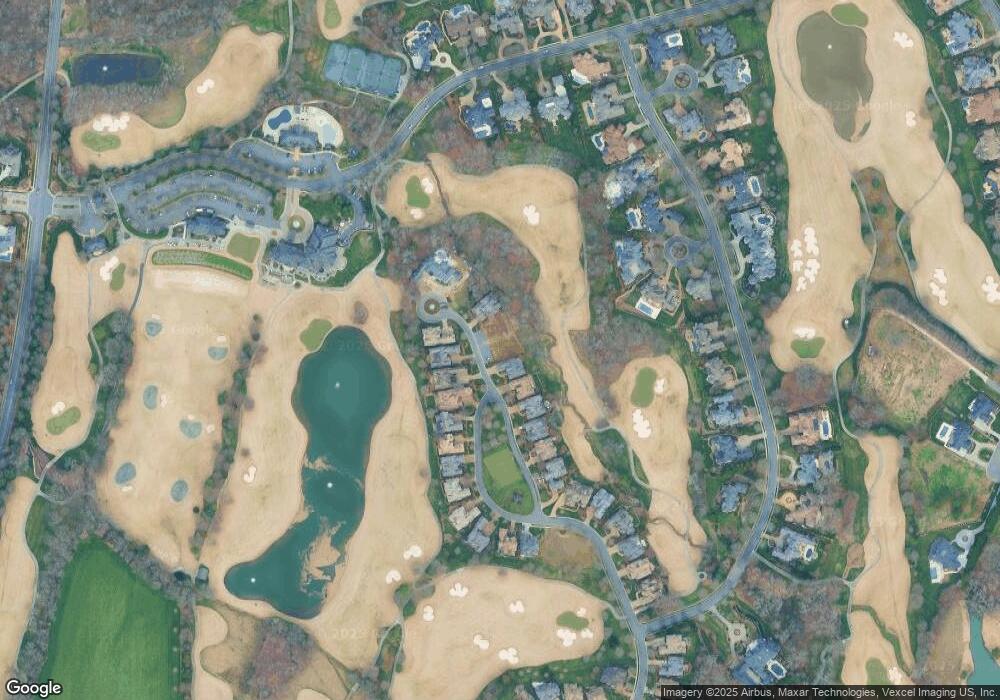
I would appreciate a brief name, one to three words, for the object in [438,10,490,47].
house
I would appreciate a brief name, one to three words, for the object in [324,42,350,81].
tennis court
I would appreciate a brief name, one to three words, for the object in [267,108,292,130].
swimming pool
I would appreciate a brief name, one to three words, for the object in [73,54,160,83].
pond
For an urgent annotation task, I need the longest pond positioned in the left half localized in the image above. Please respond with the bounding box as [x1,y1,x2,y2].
[226,327,391,618]
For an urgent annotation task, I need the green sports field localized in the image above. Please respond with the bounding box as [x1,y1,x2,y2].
[27,539,188,700]
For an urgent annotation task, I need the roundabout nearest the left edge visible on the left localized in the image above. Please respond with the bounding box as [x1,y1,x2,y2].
[278,206,313,240]
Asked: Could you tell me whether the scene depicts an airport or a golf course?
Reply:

TASK INSTRUCTIONS
After dropping every picture, transcribe each entry exactly.

WRITTEN RESPONSE
I would appreciate a brief name, one to three words, for the object in [438,10,490,47].
house
I would appreciate a brief name, one to three words, for the object in [324,42,350,81].
tennis court
I would appreciate a brief name, one to three words, for the object in [267,108,292,130].
swimming pool
I would appreciate a brief name, one to three words, for the object in [73,54,160,83].
pond
For an urgent annotation task, I need the longest pond positioned in the left half localized in the image above. Please respond with the bounding box as [x1,y1,x2,y2].
[226,327,391,618]
For an urgent annotation task, I need the green sports field localized in the image above. Please respond with the bounding box as [x1,y1,x2,y2].
[27,539,188,700]
For an urgent annotation task, I need the roundabout nearest the left edge visible on the left localized in the image above. Please respond with the bounding box as [x1,y1,x2,y2].
[278,206,313,240]
Asked: Could you tell me whether the scene depicts an airport or a golf course?
Reply:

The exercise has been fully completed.